Je partage l'analyse de M. Borloo. Le principe de précaution me semble éminemment nécessaire. Je l'avais d'ailleurs défendu au nom de l'UMP, à l'époque où je siégeais sur les bancs de l'Assemblée nationale. Il est également parfaitement fondé. En réalité, il y a un malentendu sur la notion juridique du principe de précaution et sur l'utilisation qui en est faite dans le grand public. C'est pourquoi je suis très heureuse que le président Accoyer ait décidé, avec l'Assemblée nationale, d'engager un débat pour faire connaître la vraie consistance du principe de précaution et faire en sorte qu'il ne soit plus invoqué dans tous les champs de la vie collective et à tout moment.
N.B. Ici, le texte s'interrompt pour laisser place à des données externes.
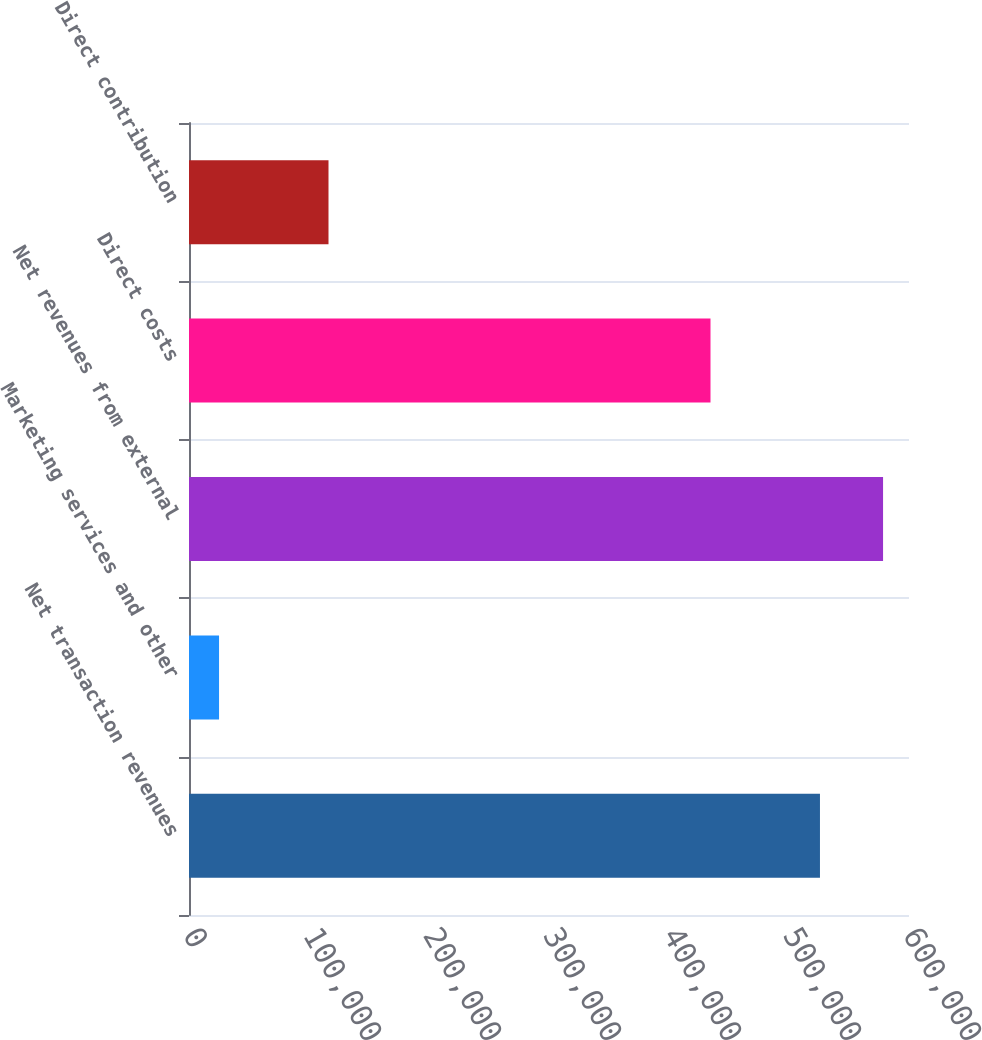Convert chart. <chart><loc_0><loc_0><loc_500><loc_500><bar_chart><fcel>Net transaction revenues<fcel>Marketing services and other<fcel>Net revenues from external<fcel>Direct costs<fcel>Direct contribution<nl><fcel>525803<fcel>25038<fcel>578383<fcel>434588<fcel>116253<nl></chart> 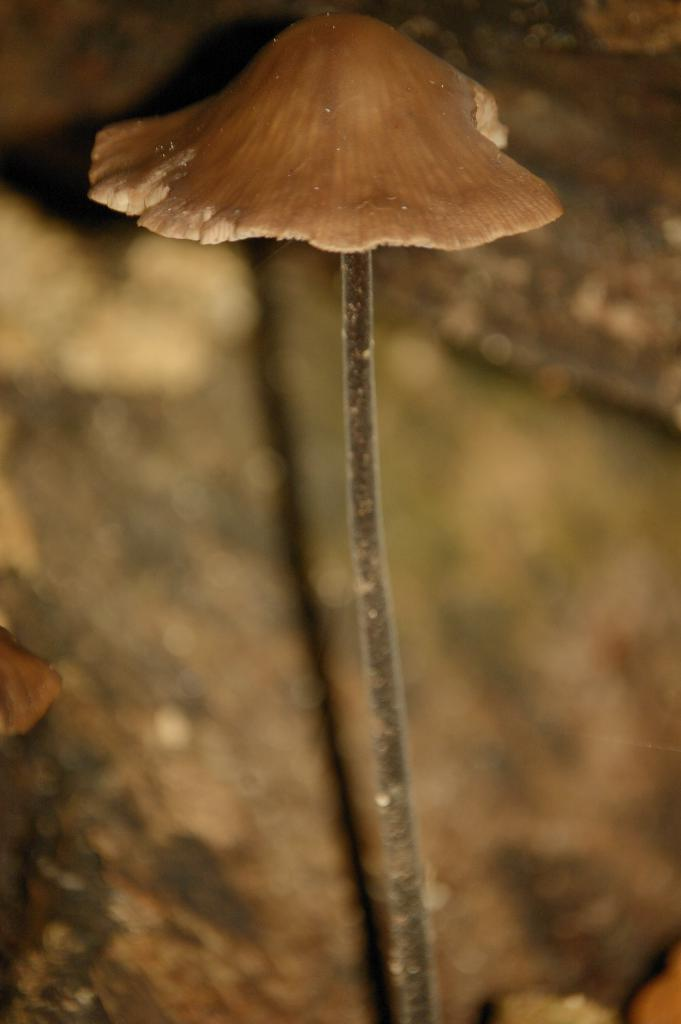What is the main subject of the image? There is a mushroom in the image. What part of the mushroom is visible in the image? There is a stem in the image. Can you describe the background of the image? The background of the image is blurry. What hobbies does the mushroom enjoy in the image? Mushrooms do not have hobbies, as they are inanimate objects.

Le principe de précaution est parfaitement justifié s'il est invoqué conformément à ce que prévoit la charte de l'environnement, pour éviter des dommages graves et irréversibles à l'environnement lorsqu'il y a un doute sur l'innocuité d'une pratique ou d'un objet. Mais on ne peut pas l'appliquer dans tous les domaines de la vie collective. Si le principe de précaution impose des responsabilités aux pouvoirs publics, des militants associatifs ne peuvent pas s'en réclamer pour justifier leurs propres actions. Il n'appartient pas au milieu associatif de se substituer aux pouvoirs publics dans l'application du principe de précaution.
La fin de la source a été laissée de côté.